The typical feedstock treated by these processes contains paraffinic, naphthenic and aromatic hydrocarbons containing 5 to 12 carbon atoms per molecule. This load is defined, among other things, by its density and its weight composition. This filler is contacted with the catalyst of the present invention at a temperature between 400 and 700 ° C. The mass flow rate of treated filler per unit mass of catalyst can vary from 0.1 to 10 kg / kg / h. The operating pressure can be set between atmospheric pressure and 4 MPa.A part of the hydrogen produced is recycled at a molar recycle rate of between 0.1 and 8.0.This rate is the molar ratio of recycled hydrogen flow rate. on charge flow.
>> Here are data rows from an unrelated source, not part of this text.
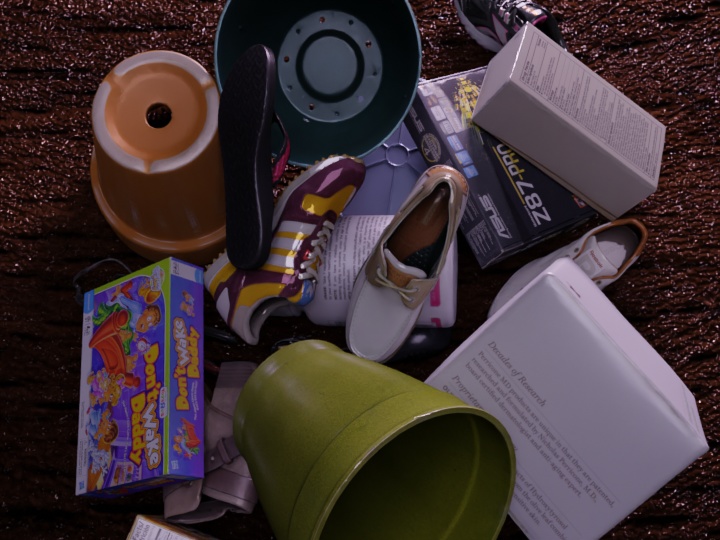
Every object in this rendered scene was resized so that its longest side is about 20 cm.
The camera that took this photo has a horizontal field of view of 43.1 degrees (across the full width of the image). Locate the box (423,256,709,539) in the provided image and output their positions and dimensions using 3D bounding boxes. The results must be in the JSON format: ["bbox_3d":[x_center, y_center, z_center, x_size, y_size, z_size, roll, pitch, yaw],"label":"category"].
[{"bbox_3d":[0.188,0.118,0.849,0.171,0.199,0.200,-45,81,16],"label":"box"}]

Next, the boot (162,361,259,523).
[{"bbox_3d":[-0.169,0.168,0.883,0.197,0.070,0.149,-12,59,29],"label":"boot"}]

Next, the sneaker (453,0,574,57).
[{"bbox_3d":[0.185,-0.281,1.038,0.080,0.086,0.201,-37,78,-12],"label":"sneaker"}]

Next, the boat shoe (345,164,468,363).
[{"bbox_3d":[0.037,-0.004,0.841,0.074,0.068,0.203,23,100,5],"label":"boat shoe"}]

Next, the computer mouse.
[{"bbox_3d":[0.001,0.076,0.969,0.196,0.034,0.060,-10,76,-3],"label":"computer mouse"}]

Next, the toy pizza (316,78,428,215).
[{"bbox_3d":[0.040,-0.124,1.023,0.196,0.032,0.204,0,74,-1],"label":"toy pizza"}]

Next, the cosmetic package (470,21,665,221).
[{"bbox_3d":[0.223,-0.156,0.967,0.198,0.073,0.105,33,52,-12],"label":"cosmetic package"}]

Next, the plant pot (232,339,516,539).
[{"bbox_3d":[-0.008,0.155,0.751,0.200,0.201,0.192,-43,41,-11],"label":"plant pot"}]

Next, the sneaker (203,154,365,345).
[{"bbox_3d":[-0.056,-0.018,0.860,0.200,0.075,0.091,-44,66,15],"label":"sneaker"}]

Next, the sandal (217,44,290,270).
[{"bbox_3d":[-0.094,-0.102,0.838,0.045,0.074,0.204,-1,92,-42],"label":"sandal"}]

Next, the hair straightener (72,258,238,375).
[{"bbox_3d":[-0.219,0.041,0.977,0.197,0.041,0.078,23,76,10],"label":"hair straightener"}]

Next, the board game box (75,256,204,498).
[{"bbox_3d":[-0.210,0.104,0.872,0.133,0.044,0.204,-19,64,34],"label":"board game box"}]

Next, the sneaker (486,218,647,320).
[{"bbox_3d":[0.217,0.004,0.965,0.199,0.085,0.073,-37,79,-6],"label":"sneaker"}]

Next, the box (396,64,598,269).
[{"bbox_3d":[0.148,-0.120,0.981,0.159,0.049,0.202,-20,77,-33],"label":"box"}]

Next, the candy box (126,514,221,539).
[{"bbox_3d":[-0.122,0.294,0.867,0.197,0.116,0.056,20,75,4],"label":"candy box"}]

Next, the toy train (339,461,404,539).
[{"bbox_3d":[-0.028,0.208,0.877,0.113,0.087,0.201,-30,49,-3],"label":"toy train"}]

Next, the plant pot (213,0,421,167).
[{"bbox_3d":[-0.037,-0.211,0.929,0.196,0.161,0.205,0,99,2],"label":"plant pot"}]

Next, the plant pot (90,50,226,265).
[{"bbox_3d":[-0.194,-0.126,0.941,0.196,0.184,0.204,0,75,-1],"label":"plant pot"}]

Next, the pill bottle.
[{"bbox_3d":[0.000,0.000,0.941,0.196,0.113,0.116,0,75,9],"label":"pill bottle"}]

The following examples specify the invention without limiting its scope.

Example 1: Formatting matrices
The matrix A is prepared by extrusion of an alumina powder whose specific surface is 220 m 2 / g. The matrix B is prepared by mechanical mixing of powders of the same alumina and alumina n with a specific surface area equal to 320 m 2 / g and which has been prepared by calcination of bayerite. The proportion of alumina is 8% by weight. This mixture is then shaped by extrusion. The two extruded matrices A and B are calcined under a stream of dry air at 5200C for 3 h.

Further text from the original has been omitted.